Immunoglobulin Supplementation Practices and Effects During Pediatric B-Cell Acute Lymphoblastic Leukemia Therapy

Although some children with B-cell acute lymphoblastic leukemia (B-ALL) receive intravenous immunoglobulin (IVIG) during conventional therapy, supplementation practices vary, and data describing the indications and their impact are lacking. In this single-institution cohort of children with B-ALL receiving conventional chemotherapy, we evaluate associations of patient and disease characteristics with IVIG supplementation, describe infection-related outcomes by IVIG receipt, and describe outcomes after IVIG supplementation. Multivariable logistic regression models identified factors associated with IVIG receipt. Of 373 eligible patients with B-ALL who did not receive immune therapy, 251 (67.3%) had an IgG level checked, and 114 (30.6%) received IVIG. The median IgG nadir was lower in IVIG recipients versus nonrecipients (404 vs. 675 mg/dL, P <0.01). IVIG recipients were younger at diagnosis (4 vs. 6 y, P <0.01) and had a larger number of severe infections per 1000 leukemia treatment days (4.2 vs. 2.5, P <0.01). In adjusted models, the odds of IVIG administration were lower for non-white patients (OR=0.43, 95% CI=0.22-0.83), higher for patients with >2 severe infections during treatment (OR=2.57, 95% CI=1.28-5.18), and higher for National Cancer Institute standard risk patients with IgG nadir <500 mg/dL (OR=7.45, 95% CI=3.54-15.70).

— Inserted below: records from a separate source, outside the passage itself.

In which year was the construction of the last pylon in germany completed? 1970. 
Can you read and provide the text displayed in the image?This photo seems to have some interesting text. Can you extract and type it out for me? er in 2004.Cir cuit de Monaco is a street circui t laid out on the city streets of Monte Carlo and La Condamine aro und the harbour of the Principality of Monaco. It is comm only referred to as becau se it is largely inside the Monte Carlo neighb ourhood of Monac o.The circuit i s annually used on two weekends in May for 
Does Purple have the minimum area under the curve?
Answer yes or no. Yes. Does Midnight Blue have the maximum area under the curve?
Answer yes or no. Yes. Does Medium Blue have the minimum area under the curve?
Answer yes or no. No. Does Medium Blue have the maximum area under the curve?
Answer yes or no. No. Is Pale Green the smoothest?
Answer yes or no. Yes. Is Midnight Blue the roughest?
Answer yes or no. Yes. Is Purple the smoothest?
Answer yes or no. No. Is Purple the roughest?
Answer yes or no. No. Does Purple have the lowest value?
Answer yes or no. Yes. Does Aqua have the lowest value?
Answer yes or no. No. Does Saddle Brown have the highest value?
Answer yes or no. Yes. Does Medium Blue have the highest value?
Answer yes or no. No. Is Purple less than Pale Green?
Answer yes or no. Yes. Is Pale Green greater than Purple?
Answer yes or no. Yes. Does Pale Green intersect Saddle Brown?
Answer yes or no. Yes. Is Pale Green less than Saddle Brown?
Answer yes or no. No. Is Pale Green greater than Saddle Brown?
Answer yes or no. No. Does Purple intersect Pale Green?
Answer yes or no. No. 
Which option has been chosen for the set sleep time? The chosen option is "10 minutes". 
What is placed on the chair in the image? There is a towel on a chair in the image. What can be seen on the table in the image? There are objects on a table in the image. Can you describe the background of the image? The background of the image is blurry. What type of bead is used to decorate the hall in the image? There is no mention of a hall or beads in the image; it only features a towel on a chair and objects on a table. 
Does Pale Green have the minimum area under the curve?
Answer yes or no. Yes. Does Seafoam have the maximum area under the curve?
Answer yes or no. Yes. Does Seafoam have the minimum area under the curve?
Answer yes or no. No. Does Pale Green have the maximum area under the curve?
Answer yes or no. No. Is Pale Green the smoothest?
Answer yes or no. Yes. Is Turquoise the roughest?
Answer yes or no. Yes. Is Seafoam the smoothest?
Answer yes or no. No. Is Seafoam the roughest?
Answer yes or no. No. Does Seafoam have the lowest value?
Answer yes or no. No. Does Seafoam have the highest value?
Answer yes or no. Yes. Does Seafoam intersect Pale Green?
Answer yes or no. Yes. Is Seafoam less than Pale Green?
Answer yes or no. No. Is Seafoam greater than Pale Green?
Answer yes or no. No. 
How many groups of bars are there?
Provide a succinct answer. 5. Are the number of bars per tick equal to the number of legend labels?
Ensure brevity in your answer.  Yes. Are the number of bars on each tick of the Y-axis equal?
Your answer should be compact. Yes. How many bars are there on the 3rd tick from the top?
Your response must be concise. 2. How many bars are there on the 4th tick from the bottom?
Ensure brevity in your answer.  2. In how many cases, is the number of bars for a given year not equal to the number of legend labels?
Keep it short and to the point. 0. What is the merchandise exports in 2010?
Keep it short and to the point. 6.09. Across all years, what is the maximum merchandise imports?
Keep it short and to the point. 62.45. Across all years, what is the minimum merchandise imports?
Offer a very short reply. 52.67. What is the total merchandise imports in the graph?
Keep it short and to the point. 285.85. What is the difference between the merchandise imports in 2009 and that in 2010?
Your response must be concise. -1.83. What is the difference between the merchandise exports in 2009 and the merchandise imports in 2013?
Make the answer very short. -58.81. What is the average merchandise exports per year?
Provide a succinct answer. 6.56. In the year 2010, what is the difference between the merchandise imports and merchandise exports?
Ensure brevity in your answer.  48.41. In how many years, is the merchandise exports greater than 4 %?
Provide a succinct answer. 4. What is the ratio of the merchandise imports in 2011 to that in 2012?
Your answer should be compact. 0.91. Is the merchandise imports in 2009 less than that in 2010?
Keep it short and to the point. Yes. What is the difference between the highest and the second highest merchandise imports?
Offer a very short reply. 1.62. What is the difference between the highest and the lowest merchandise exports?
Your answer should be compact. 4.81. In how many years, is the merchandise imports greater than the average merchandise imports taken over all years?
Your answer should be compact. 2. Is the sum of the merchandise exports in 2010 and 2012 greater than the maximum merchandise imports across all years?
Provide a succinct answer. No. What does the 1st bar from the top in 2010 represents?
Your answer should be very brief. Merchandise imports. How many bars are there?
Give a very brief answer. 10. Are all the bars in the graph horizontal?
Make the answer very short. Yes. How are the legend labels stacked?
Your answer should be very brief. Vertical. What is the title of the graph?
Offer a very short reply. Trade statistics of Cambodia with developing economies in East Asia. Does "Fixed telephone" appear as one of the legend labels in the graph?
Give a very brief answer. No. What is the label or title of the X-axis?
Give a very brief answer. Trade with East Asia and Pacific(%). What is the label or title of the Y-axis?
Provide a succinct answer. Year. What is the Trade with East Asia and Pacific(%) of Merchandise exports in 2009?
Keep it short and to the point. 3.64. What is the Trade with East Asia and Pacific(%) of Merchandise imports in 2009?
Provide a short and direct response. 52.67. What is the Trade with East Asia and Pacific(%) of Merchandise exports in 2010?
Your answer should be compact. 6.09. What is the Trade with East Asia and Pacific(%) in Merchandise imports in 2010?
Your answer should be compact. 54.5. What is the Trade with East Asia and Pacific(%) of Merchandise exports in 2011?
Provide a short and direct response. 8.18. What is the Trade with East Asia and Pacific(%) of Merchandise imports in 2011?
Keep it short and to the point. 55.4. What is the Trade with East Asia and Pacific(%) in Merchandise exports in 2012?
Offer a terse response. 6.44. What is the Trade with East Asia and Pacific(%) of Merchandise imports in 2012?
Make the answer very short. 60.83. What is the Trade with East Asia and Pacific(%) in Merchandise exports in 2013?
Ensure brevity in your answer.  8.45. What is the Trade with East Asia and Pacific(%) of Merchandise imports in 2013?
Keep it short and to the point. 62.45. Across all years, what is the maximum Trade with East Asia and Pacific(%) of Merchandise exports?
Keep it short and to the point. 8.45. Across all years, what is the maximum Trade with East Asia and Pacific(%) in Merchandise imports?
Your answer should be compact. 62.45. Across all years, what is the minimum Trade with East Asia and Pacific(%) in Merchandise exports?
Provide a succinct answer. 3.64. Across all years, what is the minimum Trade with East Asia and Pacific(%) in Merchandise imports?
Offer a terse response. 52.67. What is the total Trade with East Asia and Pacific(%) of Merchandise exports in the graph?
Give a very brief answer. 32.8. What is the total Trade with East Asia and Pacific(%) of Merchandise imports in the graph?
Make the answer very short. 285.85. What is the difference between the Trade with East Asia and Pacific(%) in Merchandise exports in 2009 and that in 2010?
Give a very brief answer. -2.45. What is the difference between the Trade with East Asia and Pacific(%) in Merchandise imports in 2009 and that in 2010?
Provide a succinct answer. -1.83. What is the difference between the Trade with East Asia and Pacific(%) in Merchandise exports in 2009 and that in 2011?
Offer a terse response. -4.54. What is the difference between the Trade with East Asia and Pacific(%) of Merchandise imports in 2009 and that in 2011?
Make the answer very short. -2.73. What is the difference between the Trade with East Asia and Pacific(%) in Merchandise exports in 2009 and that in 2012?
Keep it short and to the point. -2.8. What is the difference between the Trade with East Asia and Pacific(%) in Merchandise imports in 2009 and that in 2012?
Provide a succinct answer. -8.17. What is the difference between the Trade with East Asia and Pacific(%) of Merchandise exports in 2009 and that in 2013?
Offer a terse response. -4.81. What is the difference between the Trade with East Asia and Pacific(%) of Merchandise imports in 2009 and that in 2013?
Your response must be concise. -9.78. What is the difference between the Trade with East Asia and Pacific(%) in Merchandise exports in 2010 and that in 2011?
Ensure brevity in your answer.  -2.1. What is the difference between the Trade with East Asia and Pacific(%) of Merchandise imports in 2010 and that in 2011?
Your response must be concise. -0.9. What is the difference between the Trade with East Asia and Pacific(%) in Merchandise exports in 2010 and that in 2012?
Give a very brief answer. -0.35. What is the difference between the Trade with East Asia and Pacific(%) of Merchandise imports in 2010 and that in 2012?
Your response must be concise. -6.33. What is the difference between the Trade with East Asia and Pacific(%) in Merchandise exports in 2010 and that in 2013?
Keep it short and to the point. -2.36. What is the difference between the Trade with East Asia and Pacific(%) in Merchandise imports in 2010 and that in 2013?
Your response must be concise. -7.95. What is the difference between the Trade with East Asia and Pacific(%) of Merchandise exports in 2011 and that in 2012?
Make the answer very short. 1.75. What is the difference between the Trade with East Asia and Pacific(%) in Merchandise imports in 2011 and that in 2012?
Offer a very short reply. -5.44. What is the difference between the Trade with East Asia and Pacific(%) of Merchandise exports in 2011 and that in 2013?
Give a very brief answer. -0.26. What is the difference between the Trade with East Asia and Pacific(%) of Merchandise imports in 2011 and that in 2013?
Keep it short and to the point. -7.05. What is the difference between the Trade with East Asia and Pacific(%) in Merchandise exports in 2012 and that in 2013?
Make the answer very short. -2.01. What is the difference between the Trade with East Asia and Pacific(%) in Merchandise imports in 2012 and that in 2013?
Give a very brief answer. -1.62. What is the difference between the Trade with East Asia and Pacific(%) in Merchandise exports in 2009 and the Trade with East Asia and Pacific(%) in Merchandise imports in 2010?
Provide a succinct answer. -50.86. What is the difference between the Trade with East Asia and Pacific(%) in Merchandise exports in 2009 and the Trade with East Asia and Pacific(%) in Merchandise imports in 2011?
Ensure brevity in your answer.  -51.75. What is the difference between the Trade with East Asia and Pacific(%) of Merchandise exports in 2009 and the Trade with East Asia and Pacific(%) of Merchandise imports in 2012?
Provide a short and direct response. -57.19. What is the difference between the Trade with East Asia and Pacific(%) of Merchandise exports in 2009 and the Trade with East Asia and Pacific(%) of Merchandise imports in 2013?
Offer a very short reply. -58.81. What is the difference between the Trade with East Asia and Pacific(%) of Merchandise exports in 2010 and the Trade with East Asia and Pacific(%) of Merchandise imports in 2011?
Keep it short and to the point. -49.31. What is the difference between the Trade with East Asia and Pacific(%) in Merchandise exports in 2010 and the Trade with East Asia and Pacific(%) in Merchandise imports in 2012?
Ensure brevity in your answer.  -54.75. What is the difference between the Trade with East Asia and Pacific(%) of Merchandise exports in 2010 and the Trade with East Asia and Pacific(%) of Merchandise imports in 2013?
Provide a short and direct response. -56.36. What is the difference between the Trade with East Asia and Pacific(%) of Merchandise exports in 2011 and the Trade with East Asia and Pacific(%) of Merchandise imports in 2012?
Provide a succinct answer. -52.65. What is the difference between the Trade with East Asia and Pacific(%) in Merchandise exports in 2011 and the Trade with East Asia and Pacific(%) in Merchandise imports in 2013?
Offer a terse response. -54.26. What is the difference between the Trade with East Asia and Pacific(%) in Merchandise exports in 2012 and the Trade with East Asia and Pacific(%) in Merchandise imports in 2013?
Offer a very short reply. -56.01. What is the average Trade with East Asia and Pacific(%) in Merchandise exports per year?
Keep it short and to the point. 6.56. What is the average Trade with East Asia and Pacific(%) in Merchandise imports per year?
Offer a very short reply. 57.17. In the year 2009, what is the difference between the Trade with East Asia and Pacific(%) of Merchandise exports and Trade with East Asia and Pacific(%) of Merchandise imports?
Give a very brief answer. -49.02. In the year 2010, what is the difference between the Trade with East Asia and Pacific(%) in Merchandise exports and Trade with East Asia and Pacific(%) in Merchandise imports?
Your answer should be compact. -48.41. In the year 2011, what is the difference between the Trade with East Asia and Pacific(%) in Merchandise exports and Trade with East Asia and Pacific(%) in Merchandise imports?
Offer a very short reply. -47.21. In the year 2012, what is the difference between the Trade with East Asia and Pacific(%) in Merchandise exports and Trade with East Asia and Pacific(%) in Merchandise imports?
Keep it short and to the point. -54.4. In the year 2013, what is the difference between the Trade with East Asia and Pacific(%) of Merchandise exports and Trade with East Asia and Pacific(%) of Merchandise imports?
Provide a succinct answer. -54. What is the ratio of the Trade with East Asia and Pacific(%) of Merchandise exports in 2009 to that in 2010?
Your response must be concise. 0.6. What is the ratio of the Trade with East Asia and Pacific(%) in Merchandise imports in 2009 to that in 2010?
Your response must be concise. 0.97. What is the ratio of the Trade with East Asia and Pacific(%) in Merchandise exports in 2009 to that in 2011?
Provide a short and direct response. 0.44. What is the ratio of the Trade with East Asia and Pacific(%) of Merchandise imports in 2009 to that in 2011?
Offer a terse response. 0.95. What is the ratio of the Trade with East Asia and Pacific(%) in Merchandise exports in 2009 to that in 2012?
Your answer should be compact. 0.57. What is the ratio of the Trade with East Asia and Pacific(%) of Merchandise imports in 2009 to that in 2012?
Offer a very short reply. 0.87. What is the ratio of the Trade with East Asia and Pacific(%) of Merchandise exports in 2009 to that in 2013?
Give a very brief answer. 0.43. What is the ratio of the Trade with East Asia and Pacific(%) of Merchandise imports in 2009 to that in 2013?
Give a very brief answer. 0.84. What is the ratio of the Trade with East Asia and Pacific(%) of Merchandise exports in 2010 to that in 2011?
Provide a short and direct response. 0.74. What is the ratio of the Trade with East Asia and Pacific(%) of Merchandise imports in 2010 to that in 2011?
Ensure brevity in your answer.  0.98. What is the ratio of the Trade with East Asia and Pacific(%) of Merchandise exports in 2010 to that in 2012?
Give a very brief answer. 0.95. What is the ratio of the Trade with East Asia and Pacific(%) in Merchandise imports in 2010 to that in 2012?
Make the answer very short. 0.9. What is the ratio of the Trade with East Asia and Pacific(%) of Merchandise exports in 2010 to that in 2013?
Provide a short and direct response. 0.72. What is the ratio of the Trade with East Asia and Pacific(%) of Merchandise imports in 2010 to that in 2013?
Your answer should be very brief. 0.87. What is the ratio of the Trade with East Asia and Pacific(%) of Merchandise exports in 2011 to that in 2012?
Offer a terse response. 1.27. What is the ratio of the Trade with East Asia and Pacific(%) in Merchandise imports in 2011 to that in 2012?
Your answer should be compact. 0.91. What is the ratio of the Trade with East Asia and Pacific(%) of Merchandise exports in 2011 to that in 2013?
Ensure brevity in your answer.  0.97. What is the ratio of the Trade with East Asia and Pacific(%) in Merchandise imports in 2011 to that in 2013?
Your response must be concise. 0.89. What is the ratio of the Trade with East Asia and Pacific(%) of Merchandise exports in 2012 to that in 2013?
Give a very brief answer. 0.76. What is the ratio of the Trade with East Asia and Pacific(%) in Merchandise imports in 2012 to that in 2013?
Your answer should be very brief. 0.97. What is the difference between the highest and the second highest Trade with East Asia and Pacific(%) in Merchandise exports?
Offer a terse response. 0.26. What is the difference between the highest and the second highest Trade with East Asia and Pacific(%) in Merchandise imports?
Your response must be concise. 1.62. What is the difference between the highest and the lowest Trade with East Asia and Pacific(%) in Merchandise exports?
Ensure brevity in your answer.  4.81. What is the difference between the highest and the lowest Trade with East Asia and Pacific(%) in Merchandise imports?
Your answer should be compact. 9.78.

For IVIG recipients, the rate of emergency department visits, severe infections, and febrile neutropenia episodes was 5.4, 1.9, and 1.1 per 1000 treatment days, respectively, during IVIG supplementation. Among children with B-ALL receiving conventional chemotherapy, clinical characteristics differ between IVIG recipients and nonrecipients. Uniform IgG measurements during therapy may guide supplementation decisions, especially in the era of frontline immunotherapy.